Now, she works for Wayne County and redesigned the website, managing web applications and over 3,000 pages for the county. Those skills helped her create Reluxx’s website in a day. But she needed help on the business side of things, so she joined LEAP’s One and All March 2022 cohort alongside 22 other entrepreneurs.

Nearly 100 people applied for the boot camp and 23 were accepted, making this cohort the most competitive since its start, said Katlyn Cardoso, director of entrepreneurial ecosystem development at LEAP. Since it’s October 2020 launch, One and All has graduated five cohorts.

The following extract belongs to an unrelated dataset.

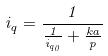<formula> <loc_0><loc_0><loc_500><loc_500>i _ { q } = \frac { 1 } { \frac { 1 } { i _ { q _ { 0 } } } + \frac { k a } { p } }</formula> 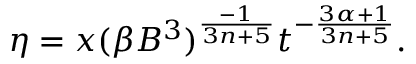Convert formula to latex. <formula><loc_0><loc_0><loc_500><loc_500>\eta = x ( \beta B ^ { 3 } ) ^ { \frac { - 1 } { 3 n + 5 } } t ^ { - \frac { 3 \alpha + 1 } { 3 n + 5 } } .</formula>

“Programs like One and All change the landscape of entrepreneurship in a region like Lansing, by allowing our full population to more easily, fully participate in the economy,” Cardoso said. 

A physical storefront was in Hursey’s plans for Reluxx at the start of the program.

One and All “made me think, ‘OK, I don’t have to jump into a building until I know that it’s secured.’ But what it sounds like, I may be looking towards a fulfillment center.”

A fulfillment center could allow Hursey to store products in one place, have customers view the selection by appointment and, eventually, to restore used products, Johnson said. She, Hursey and Cordell Miller, another contract employee, are learning how to restore the luxury goods. 

Johnson believes a market exists for the products and predicted Reluxx will continue growing.

“A lot of the pieces are timeless so this is something that’s a lifetime investment,” she said.